Le projet Juice, abréviation de « Jupiter icy moons explorer », est décrit comme le plus grand projet européen de recherche spatiale à ce jour. Son coût équivaut à 18 milliards de couronnes suédoises, selon Jan-Erik Wahlund, physicien de l’espace et responsable de la recherche pour l’un des instruments embarqués à bord de Juice.

Les scientifiques sont presque certains que deux des grandes lunes ont des océans sous d’épaisses couches de glace. Mais comment savoir s’il y a une possibilité de vie marine quand on ne peut pas se tenir sur la glace et que l’on tourne en orbite autour de la lune ?

« Un peu comme à Noël

– Nous recherchons des signaux électromagnétiques. Les océans sont salés. Jupiter possède un champ magnétique puissant qui passe à côté de la lune, ce qui provoque des courants électriques mesurables dans les océans. Les océans se déplacent également à une certaine vitesse contre le champ magnétique, ce qui nous permet d’obtenir d’autres courants mesurables », explique Jan-Erik Wahlund :

– Nous pouvons également traverser les panaches d’eau qui émergent des fissures dans la glace de la lune Europe, ce qui nous permet de voir ce que contient l’eau. Si nous trouvions des acides aminés, ce serait un peu comme Noël pour nous.

Une telle découverte serait sensationnelle car ce sont les acides aminés qui construisent les protéines du corps.

Radiations mortelles

La planète géante Jupiter émet de très fortes radiations, ce qui la rend directement mortelle.
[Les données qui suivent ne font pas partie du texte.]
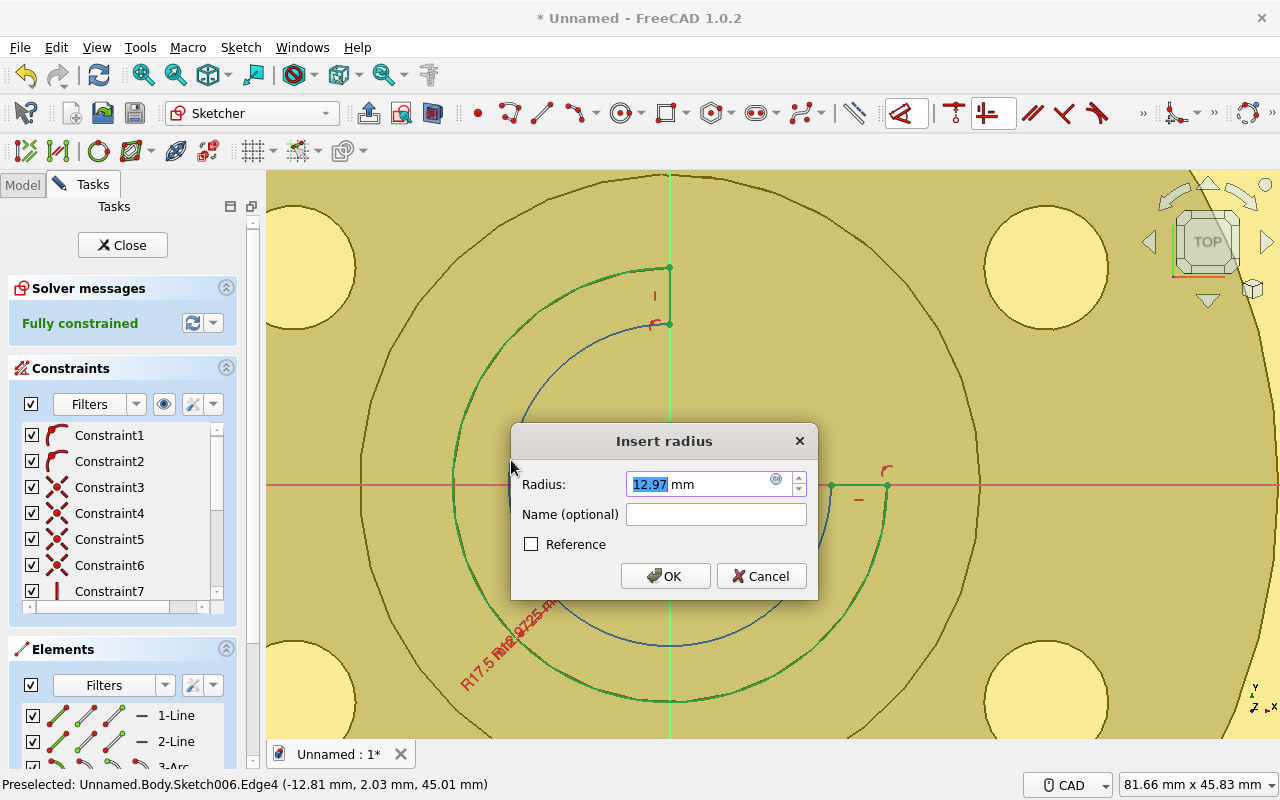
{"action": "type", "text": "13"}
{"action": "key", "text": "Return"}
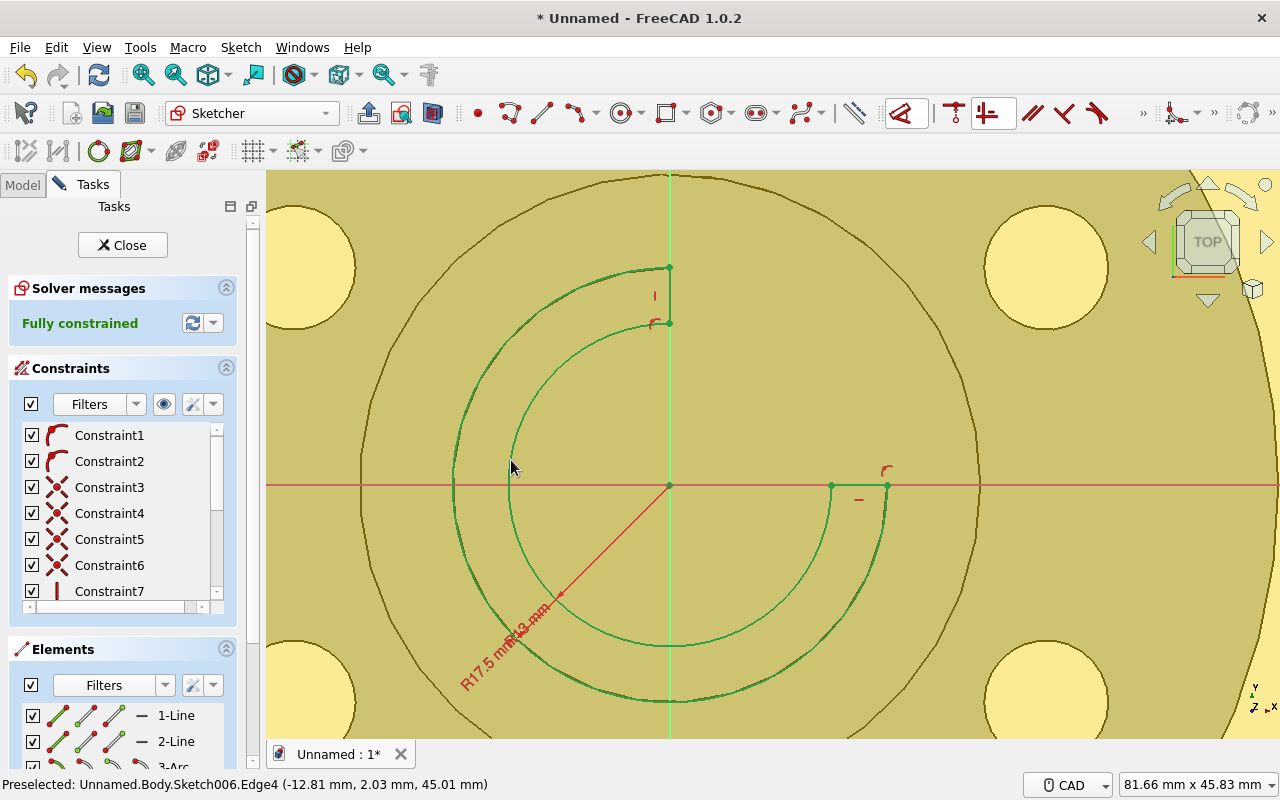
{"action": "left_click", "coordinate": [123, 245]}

Tous les instruments à bord doivent être protégés, en partie par de lourdes plaques de plomb.

Sur les dix instruments à bord, deux proviennent de Suède : le compteur de particules vient de l’Institut de physique spatiale de Kiruna et l’instrument de mesure des ondes radio et plasma de l’Institut de physique spatiale d’Uppsala.

Le voyage vers Jupiter durera huit ans et les résultats des mesures ne seront disponibles qu’une fois que la sonde se sera placée sur l’orbite correcte autour des grandes lunes.

– Lorsqu’elle arrivera, je serai à la retraite. Mais je suis un scientifique, je ne vais pas m’arrêter. Je veux juste me débarrasser des tâches administratives et poursuivre mes recherches, déclare Jan-Erik Wahlund.